Any copyrighted material is reproduced under the fair use doctrine.
ISBN-13: 978-1984130150
ISBN-10: 1984130153
To my dad.
ACKNOWLEDGMENTS
I would like to thank those who have helped the Legacy series along on its journey. First, I’d like to thank my daughters, Mia and Kirsten, who keep encouraging me to tell stories, and to my dad, Jim, and Aunt JoAnn for always being there. Special thanks to my husband, Ben Deda, for your support.
Thanks to Claire Casey, Yvette Bostic, MontiLee Stormer, Michael Arnold, Michael Baker, Jonathan Fesmire, Jonathan Rose, Jessica Ellis, Kelly Evens, Dara Crawley, Mad Wilson, and William Bitner for their assistance and advice. Thanks to Amy Coughlin, Elena Lange, Elisa Jiang, Evan Pitman, Heather Pitman, Oliver Bagley, Ruth Daly, Glenn Ramos, Scott Carol, Kimberley Luce, Jonathan Fesmire, Landry Prichard, TaunjiHurlbut, Erin Mulligan, Amber Heyman, Russell Hinson, John Cook, and Tom and Jennifer Allard for their time and generous support. Thanks to my editor, KH Koehler, for your hard work.
Although they’re no longer here, I’d like to thank my mother, Janice, and my brother, Jimmy. Miss you both so very much. And a huge thanks and heaps of gratitude to my mentor, Catherine Rudy.
Legacy
The Underground
(Book Three)
“What I’ve created—it’s unlike anything that has been attempted before. What I’ve been able to accomplish—it will reshape the entire world more so than you can ever imagine.”
—Javier Saints
The Demon & the Babe
Teruel, Spain
Autumn, 1640
Thooranu crossed the streets of Teruel with his mistress’s newborn cradled comfortably in his arms. The night air was cool and clear. The streets were vacant, like a newly abandoned city where time had not yet taken its toll on the infrastructure. It made for a nice stroll. If Thooranu wanted, he could simply appear at the doorstep of his destination, but he wanted this time to himself—even if he did have to carry the thing. The child, who had come into the world only a few hours ago, slept peacefully, wrapped in the blanket his Pegaeae nymph mother had kindly given him.
Although the boy wasn’t technically human, he would be raised as one and live as a human until his death. The nymph had also decided to deliver the child in Spain, which made him a Spaniard, Thooranu supposed. Apparently, motherhood wasn’t part of the bargain she had made with that bastard Trickster, Jack Pack. She had decided to get rid of her child immediately after his birth.

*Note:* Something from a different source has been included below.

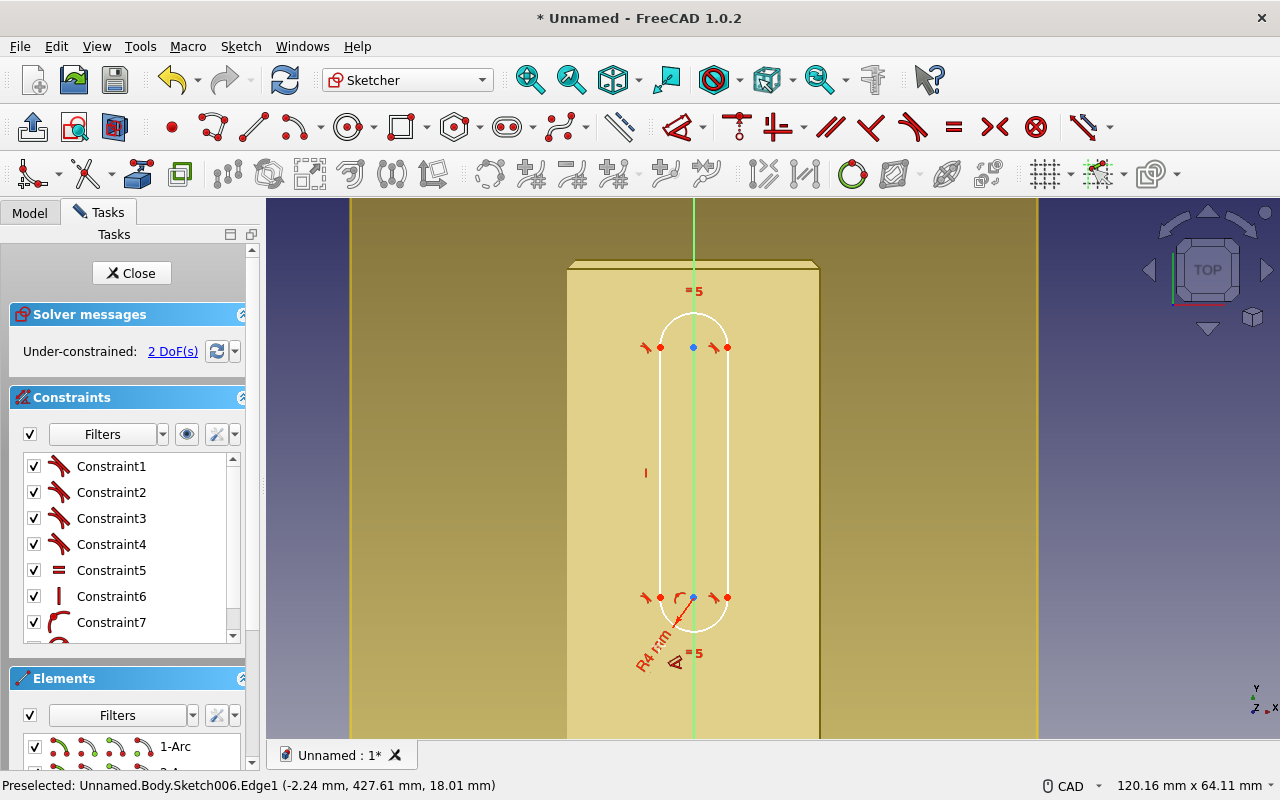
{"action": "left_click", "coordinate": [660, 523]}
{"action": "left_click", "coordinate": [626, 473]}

Temenitis had refused to let her sisters know she was with child. Too ashamed, Thooranu gathered—especially after sensing she was having a boy—so she had decided to give birth secretly. The inn she had chosen was a high-class establishment, well furnished and accommodating toward wealthy high society. Thooranu was there, of course. Her enslaved Cambion demon that she had used her body to buy from the Trickster. He had stood by the bed as she labored to push out this new life. He watched her naked form fondly. Her face twisted in anguish, bright red hair draped over her face, sweat sticking some of it to her smooth skin. Those long, perfect legs, spread open, her back arched, breasts aimed high. The muscles of her arms flexed and strained as they held her up. Thooranu had drunk the sight in with his eyes. Despite the disgusting act of childbearing, his mistress was an intensely beautiful creature. Sometimes, he would get lost in those violet eyes of hers.
Thooranu understood why Jack Pack had refused offers made by others for his possession just so he could fuck Temenitis. Jack Pack had enslaved Thooranu for a full year, during which time the Trickster searched for anyone willing to pay a high price for a demon. He could have gotten just about anything he wanted, but then came the day Jack Pack met a pretty little Pegaeae nymph while passing through her realm, and his lustful nature had taken over. The Trickster made a deal with the pretty little Pegaeae nymph. She would lay with him in exchange for her very own slave demon.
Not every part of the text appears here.